Number of lines below with "CMyStruct": work it out and reply with that number only.
Input Block Start
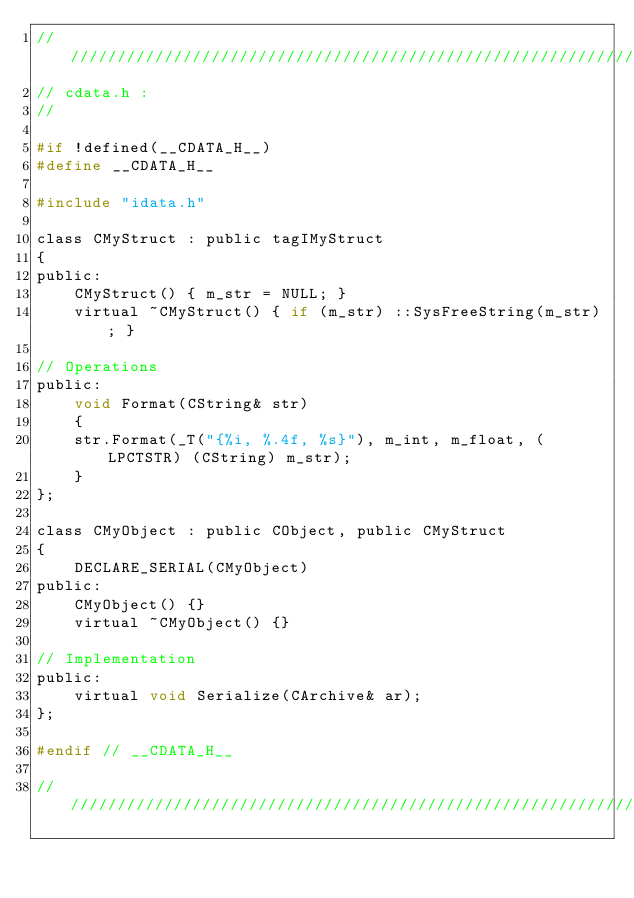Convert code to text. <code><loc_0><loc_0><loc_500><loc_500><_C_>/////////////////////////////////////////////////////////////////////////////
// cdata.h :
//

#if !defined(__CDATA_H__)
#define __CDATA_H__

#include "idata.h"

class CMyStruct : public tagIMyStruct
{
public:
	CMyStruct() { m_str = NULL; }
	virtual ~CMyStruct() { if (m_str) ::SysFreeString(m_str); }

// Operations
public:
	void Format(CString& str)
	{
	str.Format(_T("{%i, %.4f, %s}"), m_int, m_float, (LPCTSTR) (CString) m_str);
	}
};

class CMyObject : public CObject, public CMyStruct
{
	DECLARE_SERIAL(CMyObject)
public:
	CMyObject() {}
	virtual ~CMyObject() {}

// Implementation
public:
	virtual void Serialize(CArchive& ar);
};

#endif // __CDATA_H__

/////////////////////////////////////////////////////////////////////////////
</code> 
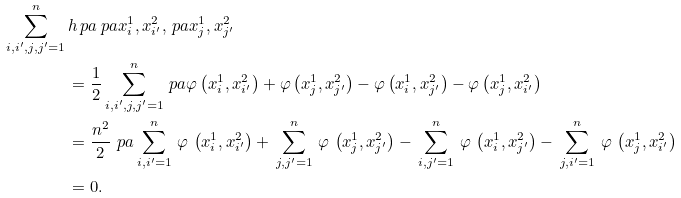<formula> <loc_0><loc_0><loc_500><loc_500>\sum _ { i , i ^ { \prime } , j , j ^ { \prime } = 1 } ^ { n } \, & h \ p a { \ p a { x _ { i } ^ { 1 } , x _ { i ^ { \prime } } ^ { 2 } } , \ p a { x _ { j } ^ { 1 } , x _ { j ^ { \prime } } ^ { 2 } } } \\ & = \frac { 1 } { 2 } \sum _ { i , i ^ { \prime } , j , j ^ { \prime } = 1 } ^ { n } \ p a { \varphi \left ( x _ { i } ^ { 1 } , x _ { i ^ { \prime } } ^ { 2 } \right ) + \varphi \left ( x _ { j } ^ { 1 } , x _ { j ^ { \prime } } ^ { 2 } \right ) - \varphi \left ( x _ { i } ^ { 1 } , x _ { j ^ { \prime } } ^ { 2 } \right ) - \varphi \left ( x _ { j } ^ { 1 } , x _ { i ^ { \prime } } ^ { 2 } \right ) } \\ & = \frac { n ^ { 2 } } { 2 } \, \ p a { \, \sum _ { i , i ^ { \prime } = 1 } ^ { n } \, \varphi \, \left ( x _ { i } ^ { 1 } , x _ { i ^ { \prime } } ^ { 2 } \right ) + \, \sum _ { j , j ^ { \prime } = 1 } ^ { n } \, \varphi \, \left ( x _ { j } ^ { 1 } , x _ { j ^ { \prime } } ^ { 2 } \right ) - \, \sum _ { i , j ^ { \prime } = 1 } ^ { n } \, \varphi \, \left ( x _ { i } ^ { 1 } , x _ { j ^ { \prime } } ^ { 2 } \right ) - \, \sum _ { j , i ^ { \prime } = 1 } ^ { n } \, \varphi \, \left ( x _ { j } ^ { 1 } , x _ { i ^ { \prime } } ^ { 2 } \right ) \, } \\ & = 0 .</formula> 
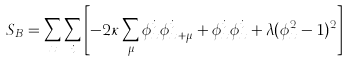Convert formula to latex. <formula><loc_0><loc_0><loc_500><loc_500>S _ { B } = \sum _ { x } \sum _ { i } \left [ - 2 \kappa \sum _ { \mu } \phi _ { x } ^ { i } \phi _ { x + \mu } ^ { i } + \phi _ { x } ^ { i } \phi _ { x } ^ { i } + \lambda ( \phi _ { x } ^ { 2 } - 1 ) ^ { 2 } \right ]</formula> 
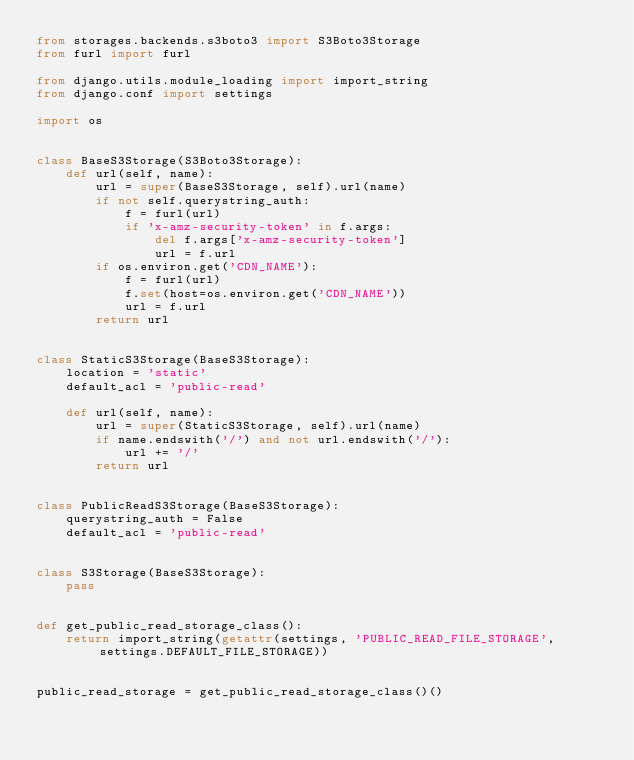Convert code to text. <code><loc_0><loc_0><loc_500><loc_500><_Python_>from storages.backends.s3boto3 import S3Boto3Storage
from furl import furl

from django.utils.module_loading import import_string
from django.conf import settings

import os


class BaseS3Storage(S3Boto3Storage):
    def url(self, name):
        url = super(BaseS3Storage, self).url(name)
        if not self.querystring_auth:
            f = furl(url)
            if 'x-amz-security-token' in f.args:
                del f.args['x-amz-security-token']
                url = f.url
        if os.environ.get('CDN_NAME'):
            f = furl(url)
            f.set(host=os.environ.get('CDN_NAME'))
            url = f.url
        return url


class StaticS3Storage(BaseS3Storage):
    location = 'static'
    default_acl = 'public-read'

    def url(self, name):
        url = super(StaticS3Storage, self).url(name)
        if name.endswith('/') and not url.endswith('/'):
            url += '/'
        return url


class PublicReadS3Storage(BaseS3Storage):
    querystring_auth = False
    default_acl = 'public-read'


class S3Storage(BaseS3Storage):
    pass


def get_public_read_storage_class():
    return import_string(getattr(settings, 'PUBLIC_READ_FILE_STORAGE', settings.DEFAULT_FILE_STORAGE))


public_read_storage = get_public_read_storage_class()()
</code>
Input Block End
Input Block Start
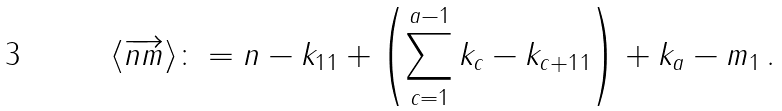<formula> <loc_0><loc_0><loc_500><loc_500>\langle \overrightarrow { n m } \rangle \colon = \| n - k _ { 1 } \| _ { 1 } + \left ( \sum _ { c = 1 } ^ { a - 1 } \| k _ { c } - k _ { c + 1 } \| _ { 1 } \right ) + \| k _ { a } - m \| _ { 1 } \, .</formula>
Input Block End
__Response__. 4